* Required action *
Wherever the word "bounding" occurs in the lines below, copy the whole line.

[Saved entries]
■ ■ ■ ■
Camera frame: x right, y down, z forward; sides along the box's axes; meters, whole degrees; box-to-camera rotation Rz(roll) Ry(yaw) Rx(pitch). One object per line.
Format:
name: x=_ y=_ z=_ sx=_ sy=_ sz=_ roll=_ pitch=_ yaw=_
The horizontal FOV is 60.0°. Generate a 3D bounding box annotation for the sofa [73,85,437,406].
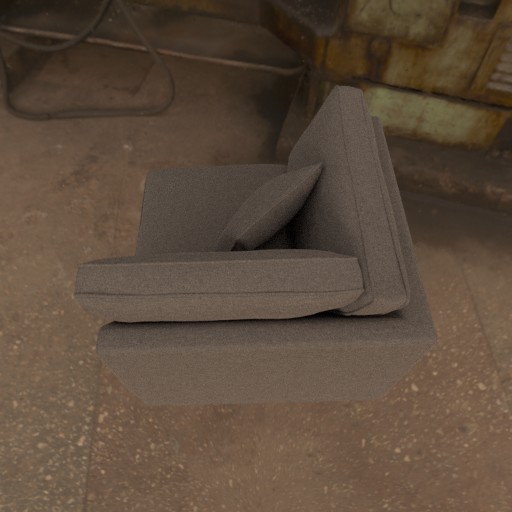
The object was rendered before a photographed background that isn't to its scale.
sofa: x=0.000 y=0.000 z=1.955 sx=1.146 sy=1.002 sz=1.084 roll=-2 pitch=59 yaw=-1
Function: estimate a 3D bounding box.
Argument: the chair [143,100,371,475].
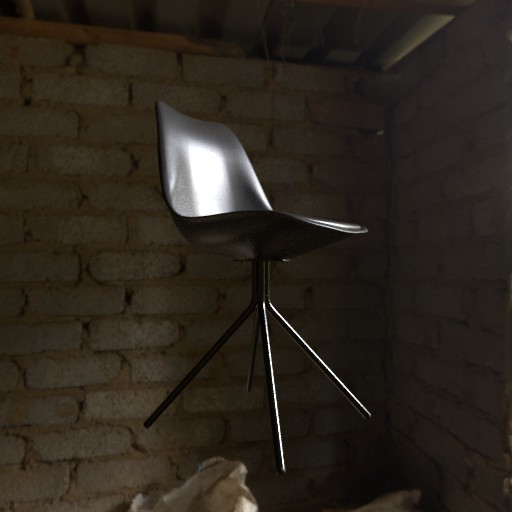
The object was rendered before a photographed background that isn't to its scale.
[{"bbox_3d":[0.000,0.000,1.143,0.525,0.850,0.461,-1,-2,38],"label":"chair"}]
■ ■ ■ ■
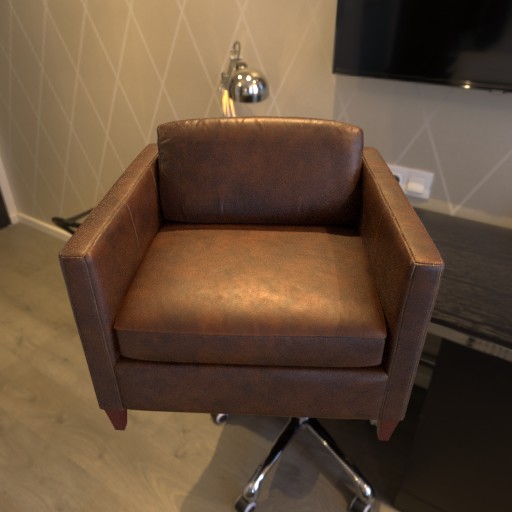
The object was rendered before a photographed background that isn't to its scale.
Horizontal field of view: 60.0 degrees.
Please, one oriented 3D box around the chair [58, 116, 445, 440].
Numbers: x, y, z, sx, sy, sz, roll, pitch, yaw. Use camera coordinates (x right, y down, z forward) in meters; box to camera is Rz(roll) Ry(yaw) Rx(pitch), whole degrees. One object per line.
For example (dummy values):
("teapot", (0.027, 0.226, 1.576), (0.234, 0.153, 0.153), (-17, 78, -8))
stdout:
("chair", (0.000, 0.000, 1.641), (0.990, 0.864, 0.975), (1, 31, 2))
■ ■ ■ ■
* Task answer *
The horizontal FOV is 60.0°. Generate a 3D bounding box annotation for the sofa [73,85,437,406].
Function: estimate a 3D bounding box.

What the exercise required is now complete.